Let $d\in\mathbb N$ and $\sigma_M$ denote the surface measure on $\mathcal B(M)$ for every embedded $C^1$-submanifold $M$ of $\mathbb R^d$. Moreover, let $$\theta_r:\mathbb R^d\to\mathbb R^d\;,\;\;\;x\mapsto rx$$ for $r>0$.
We have the following result from geometric measure theory:
Theorem 1: If $k\in\{1,\ldots,d\}$, $M$ is a $k$-dimensional embedded $C^1$-submanifold of $\mathbb R^d$ and $r>0$, then $\theta_r(M)$ is a $k$-dimensional embedded $C^1$-submanifold of $\mathbb R^d$. Moreover, $f:\theta_r(M)\to\mathbb R$ is $\sigma_{\theta_r(M)}$-integrable iff $f\circ\theta_r$ is $\sigma_M$ integrable. In either case, $$\sigma_{\theta_r(M)}f=r^k\theta_r(\sigma_M)f=r^k\sigma_M(f\circ\theta_r)\tag1,$$ where $\mu g:=\int g\:{\rm d}\mu$ and $\theta_r(\sigma_M)$ denotes the pushforward of $\sigma_M$ wrt $\theta_r$.

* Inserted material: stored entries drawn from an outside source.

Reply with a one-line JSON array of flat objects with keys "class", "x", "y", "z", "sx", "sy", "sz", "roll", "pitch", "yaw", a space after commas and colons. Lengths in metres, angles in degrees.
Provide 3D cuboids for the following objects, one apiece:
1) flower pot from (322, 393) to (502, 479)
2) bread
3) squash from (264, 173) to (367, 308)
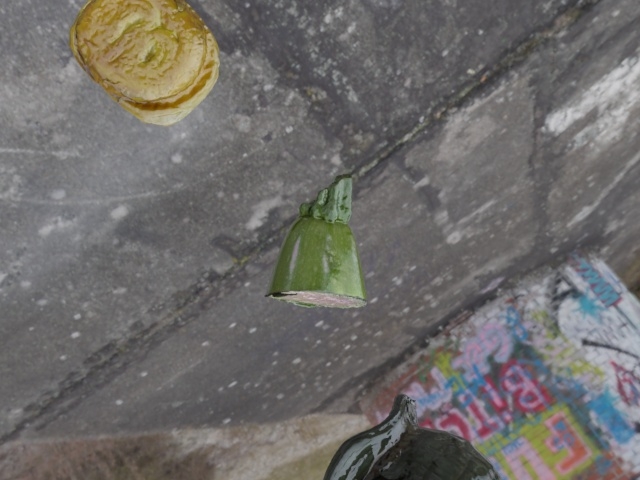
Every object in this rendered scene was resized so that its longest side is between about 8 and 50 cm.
[{"class": "flower pot", "x": 0.109, "y": 0.390, "z": 0.822, "sx": 0.301, "sy": 0.213, "sz": 0.302, "roll": -41, "pitch": 152, "yaw": -28}, {"class": "bread", "x": -0.281, "y": -0.312, "z": 0.961, "sx": 0.198, "sy": 0.236, "sz": 0.120, "roll": -46, "pitch": -171, "yaw": -4}, {"class": "squash", "x": -0.001, "y": -0.002, "z": 0.601, "sx": 0.105, "sy": 0.132, "sz": 0.105, "roll": 3, "pitch": 168, "yaw": 1}]
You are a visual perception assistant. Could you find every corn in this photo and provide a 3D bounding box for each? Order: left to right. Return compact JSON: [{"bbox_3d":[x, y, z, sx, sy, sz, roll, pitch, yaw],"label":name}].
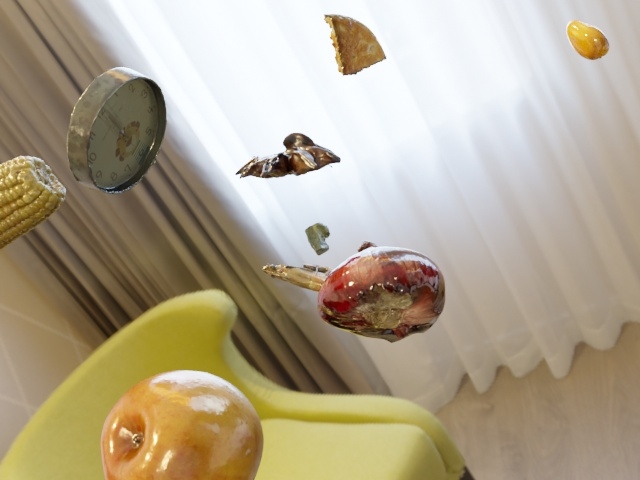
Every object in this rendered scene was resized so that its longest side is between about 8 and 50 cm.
[{"bbox_3d":[-0.632,-0.023,1.248,0.344,0.131,0.131,-36,22,5],"label":"corn"}]

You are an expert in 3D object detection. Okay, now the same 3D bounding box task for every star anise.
[{"bbox_3d":[-0.079,-0.199,1.597,0.272,0.102,0.272,-8,8,1],"label":"star anise"}]

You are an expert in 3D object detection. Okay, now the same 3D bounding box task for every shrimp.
[{"bbox_3d":[-0.032,0.095,1.856,0.251,0.052,0.143,17,19,2],"label":"shrimp"}]

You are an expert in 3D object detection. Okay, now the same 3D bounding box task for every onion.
[{"bbox_3d":[0.125,0.092,1.384,0.272,0.272,0.195,-19,57,30],"label":"onion"}]

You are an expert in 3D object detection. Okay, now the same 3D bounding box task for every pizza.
[{"bbox_3d":[0.069,-0.409,1.463,0.041,0.178,0.130,4,82,57],"label":"pizza"}]

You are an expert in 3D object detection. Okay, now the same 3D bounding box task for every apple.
[{"bbox_3d":[-0.257,0.375,1.233,0.299,0.275,0.298,-11,66,25],"label":"apple"}]

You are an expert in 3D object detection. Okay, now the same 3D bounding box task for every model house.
[{"bbox_3d":[0.000,0.000,1.982,0.066,0.079,0.083,-28,67,12],"label":"model house"}]

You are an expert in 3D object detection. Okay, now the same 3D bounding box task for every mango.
[{"bbox_3d":[0.457,-0.347,1.170,0.046,0.060,0.089,-29,65,-6],"label":"mango"}]

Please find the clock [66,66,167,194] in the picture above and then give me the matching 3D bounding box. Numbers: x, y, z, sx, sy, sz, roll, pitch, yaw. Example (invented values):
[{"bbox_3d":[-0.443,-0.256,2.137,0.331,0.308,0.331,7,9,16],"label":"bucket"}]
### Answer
[{"bbox_3d":[-0.483,-0.260,1.647,0.061,0.312,0.312,22,47,16],"label":"clock"}]
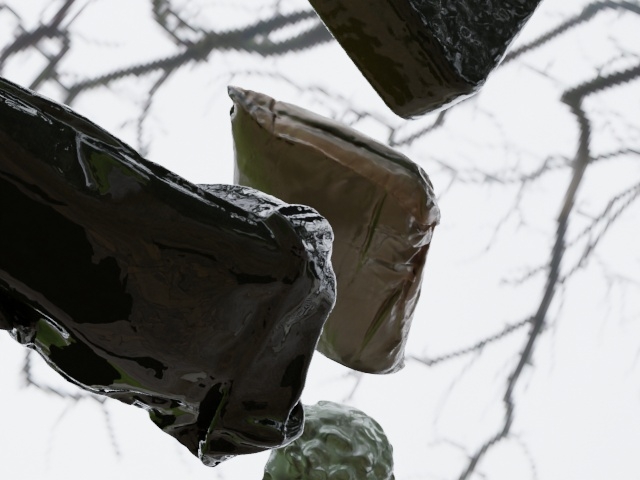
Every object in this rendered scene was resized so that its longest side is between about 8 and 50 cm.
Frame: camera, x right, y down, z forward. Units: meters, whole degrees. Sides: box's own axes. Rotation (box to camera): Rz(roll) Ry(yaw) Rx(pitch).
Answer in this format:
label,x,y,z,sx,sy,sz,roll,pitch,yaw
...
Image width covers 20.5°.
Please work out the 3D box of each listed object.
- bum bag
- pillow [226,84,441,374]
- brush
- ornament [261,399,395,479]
label,x,y,z,sx,sy,sz,roll,pitch,yaw
bum bag,-0.123,-0.019,0.743,0.326,0.080,0.142,34,-60,-19
pillow,0.000,0.000,1.325,0.173,0.067,0.270,23,-33,9
brush,0.034,-0.170,0.890,0.059,0.123,0.197,-16,-60,44
ornament,0.000,0.289,1.614,0.130,0.285,0.120,8,-12,-19
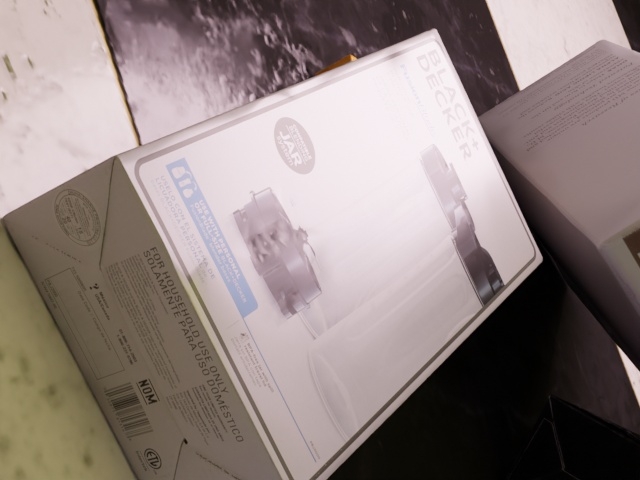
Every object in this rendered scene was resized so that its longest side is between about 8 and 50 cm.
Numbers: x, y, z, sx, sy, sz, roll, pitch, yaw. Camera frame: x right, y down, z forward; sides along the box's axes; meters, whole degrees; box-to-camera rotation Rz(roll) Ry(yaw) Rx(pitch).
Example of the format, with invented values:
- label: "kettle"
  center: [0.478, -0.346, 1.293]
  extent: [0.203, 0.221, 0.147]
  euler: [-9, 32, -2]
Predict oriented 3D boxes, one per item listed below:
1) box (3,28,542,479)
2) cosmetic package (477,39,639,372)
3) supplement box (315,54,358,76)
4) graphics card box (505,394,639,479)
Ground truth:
- label: "box"
  center: [0.000, 0.000, 0.522]
  extent: [0.290, 0.087, 0.169]
  euler: [-31, 97, -51]
- label: "cosmetic package"
  center: [0.270, -0.012, 0.777]
  extent: [0.217, 0.156, 0.385]
  euler: [55, 6, -19]
- label: "supplement box"
  center: [0.033, -0.077, 0.706]
  extent: [0.062, 0.036, 0.098]
  euler: [20, 54, -49]
- label: "graphics card box"
  center: [0.337, 0.247, 0.742]
  extent: [0.371, 0.233, 0.094]
  euler: [26, 92, -37]
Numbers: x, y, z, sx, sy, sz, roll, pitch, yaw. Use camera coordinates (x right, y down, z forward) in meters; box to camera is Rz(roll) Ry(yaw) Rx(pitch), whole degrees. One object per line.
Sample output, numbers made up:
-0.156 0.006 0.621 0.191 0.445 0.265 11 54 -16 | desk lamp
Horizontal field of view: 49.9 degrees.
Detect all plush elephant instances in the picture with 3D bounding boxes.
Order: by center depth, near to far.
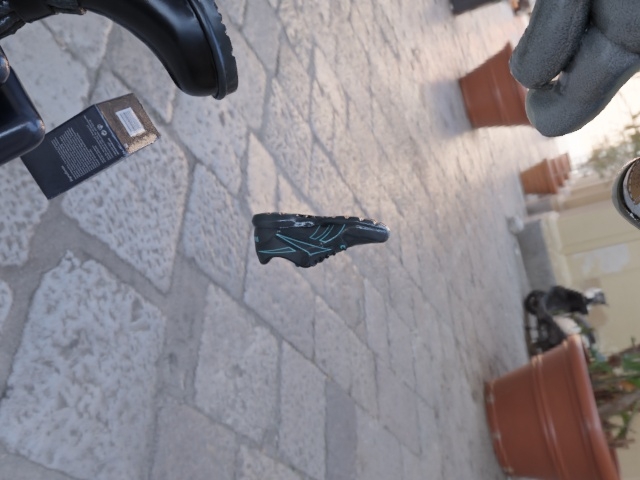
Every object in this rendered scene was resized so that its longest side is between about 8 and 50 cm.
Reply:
0.243 -0.282 0.586 0.255 0.272 0.330 61 14 14 | plush elephant

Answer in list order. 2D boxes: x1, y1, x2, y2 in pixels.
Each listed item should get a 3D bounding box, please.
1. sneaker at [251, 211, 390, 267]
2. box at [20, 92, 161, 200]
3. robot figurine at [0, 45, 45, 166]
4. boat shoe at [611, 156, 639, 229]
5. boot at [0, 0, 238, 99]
0.000 0.000 1.325 0.101 0.268 0.106 -2 94 -80 | sneaker
-0.367 -0.155 1.109 0.093 0.158 0.156 60 15 -12 | box
-0.340 -0.062 0.460 0.209 0.278 0.173 64 -15 -16 | robot figurine
0.446 0.006 0.688 0.113 0.302 0.103 -63 173 0 | boat shoe
-0.278 -0.262 0.768 0.348 0.260 0.131 58 -11 -15 | boot
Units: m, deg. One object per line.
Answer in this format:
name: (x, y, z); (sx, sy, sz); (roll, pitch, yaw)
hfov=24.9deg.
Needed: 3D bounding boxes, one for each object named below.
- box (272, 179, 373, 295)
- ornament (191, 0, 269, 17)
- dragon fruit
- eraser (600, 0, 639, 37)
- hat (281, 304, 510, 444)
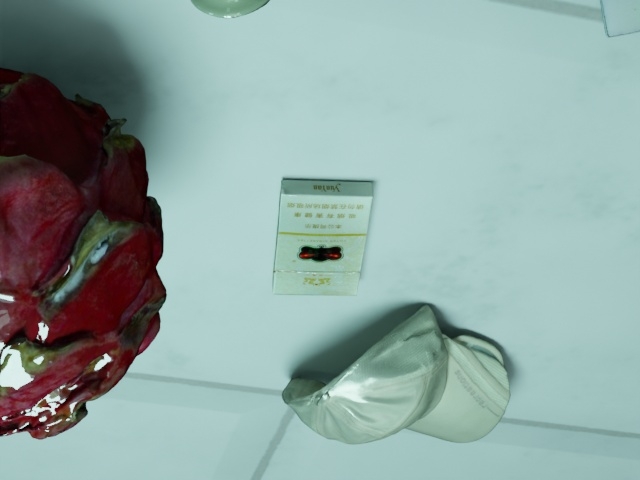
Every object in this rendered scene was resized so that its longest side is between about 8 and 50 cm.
box: (0.000, 0.000, 1.456); (0.090, 0.024, 0.167); (1, 142, -4)
ornament: (-0.079, -0.239, 1.089); (0.075, 0.081, 0.156); (-7, 147, 3)
dragon fruit: (-0.279, 0.008, 1.225); (0.329, 0.329, 0.329); (-1, 143, -1)
eraser: (0.271, -0.229, 1.161); (0.104, 0.023, 0.150); (-10, 143, 11)
hat: (0.089, 0.192, 1.629); (0.226, 0.164, 0.219); (42, 130, -17)
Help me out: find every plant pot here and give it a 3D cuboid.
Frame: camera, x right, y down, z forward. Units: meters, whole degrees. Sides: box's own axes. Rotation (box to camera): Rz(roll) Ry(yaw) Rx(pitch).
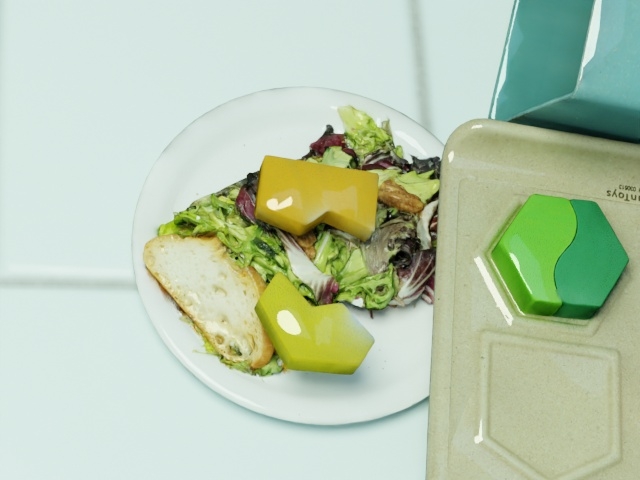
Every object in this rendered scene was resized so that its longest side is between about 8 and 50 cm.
[{"bbox_3d":[0.239,-0.120,0.850,0.234,0.166,0.165,13,86,-8],"label":"plant pot"}]

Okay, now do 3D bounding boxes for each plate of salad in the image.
[{"bbox_3d":[0.000,0.000,0.836,0.200,0.048,0.199,4,64,-8],"label":"plate of salad"}]

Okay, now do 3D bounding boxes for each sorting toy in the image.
[{"bbox_3d":[0.115,0.048,0.793,0.307,0.041,0.229,9,69,-8],"label":"sorting toy"}]
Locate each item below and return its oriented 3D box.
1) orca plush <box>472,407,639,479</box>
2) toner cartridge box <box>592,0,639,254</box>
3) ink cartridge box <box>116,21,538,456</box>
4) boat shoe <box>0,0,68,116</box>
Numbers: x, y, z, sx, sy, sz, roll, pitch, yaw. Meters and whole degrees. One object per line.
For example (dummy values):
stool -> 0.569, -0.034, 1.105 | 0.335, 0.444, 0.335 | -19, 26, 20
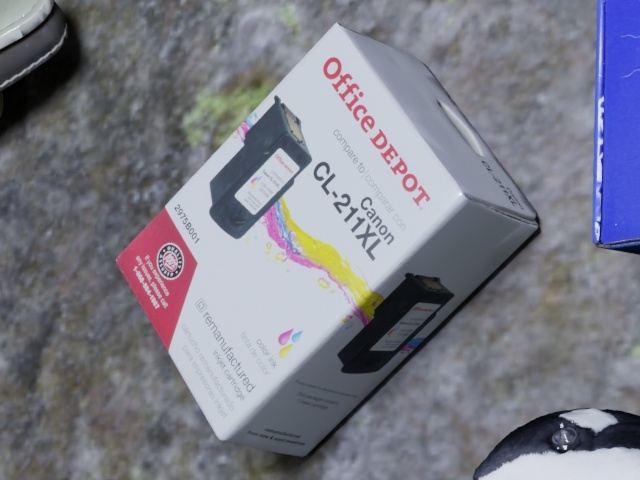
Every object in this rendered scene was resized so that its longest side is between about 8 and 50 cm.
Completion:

Remark 2: If $\sigma_M(M)\in(0,\infty)$, we may normalize $\sigma_M$: $$\alpha_M:=\frac{\sigma_M}{\sigma_M(M)}.$$ Note that $$\alpha_{\theta_r(M)}=\frac{\theta_r(\sigma_M)}{\sigma_M(M)}\tag2.$$
Question: How can we show that if $f:\mathbb R^d\to\mathbb R^d$ is continuous, then $$\alpha_{\partial B_r(x)}f\xrightarrow{r\to0+}f(x)\tag3$$ for all $x\in\mathbb R^d$?
By $(2)$, $$\alpha_{\partial B_r(x)}=\frac{\theta_r(\sigma_{\partial B_1(x)})}{\sigma_{\partial B_1(x)}(\partial B_1(x))}.\tag4$$ So it is enough to consider $$\theta_r(\sigma_{\partial B_1(x)})f=\sigma_{\partial B_1(x)}(f\circ\theta_r)=\int\sigma_{\partial B_1(x)}({\rm d}y)f(ry)\tag5.$$
At this stage it seems like I'm missing something, since the right-hand side of $(5)$ clearly tends to $f(0)\sigma_{\partial B_1(x)}(\partial B_1(x))$ as $t\to0+$. What's missing here seems to be a translation of $f$ by $x$ in the integral on the right-hand side of $(5)$, but where should this translation come from (or, phrased differently, which of my identities above is wrong)?
Let me use $S_r(x):=\partial B_r(x)$ to denote the sphere of radius $r$ centered at $x$. The issue is that if $x\neq 0$, then $S_r(x)$ is NOT the $r$-scaling of $S_1(x)$. Think about it: if $x\neq 0$, and $r>0$ is very small, then $S_r(x)$ is a very small sphere centered at $x$; in particular this means it is "away from the origin". If however you take the unit sphere at $x$, $S_1(x)$, and then scale it by a very small $r>0$ to get $r\cdot S_1(x)$, then the result will be something with very small magnitude, i.e close to the origin.
So, it is not a simple homogeneous transformation, rather the correct relationship is an affine one: $S_r(x)$ is obtained by first scaling $S_1(0)$ by a factor of $r$ to get $S_r(0)$, and then translating by $x$; this is what you were missing. So, \begin{align} \left|\frac{1}{\sigma(S_r(x))}\int_{S_r(x)}f(y)\,d\sigma(y) - f(x)\right| &\leq \frac{1}{\sigma(S_r(x))}\int_{S_r(x)}|f(y)-f(x)|\,d\sigma(y)\\ &=\frac{1}{\sigma(S_1(0))\cdot r^{d-1}}\int_{S_1(0)}|f(x+rz)-f(x)|\cdot r^{d-1}\,d\sigma(z)\\ &=\frac{1}{\sigma(S_1(0))}\int_{S_1(0)}|f(x+rz)-f(x)|\,d\sigma(z), \end{align} where I have used the same notation $\sigma$ throughout because context clearly tells us which meaning is intended. From this final expression, continuity of $f$ at $x$ gives the desired conclusion that the limit as $r\to 0^+$ is $0$.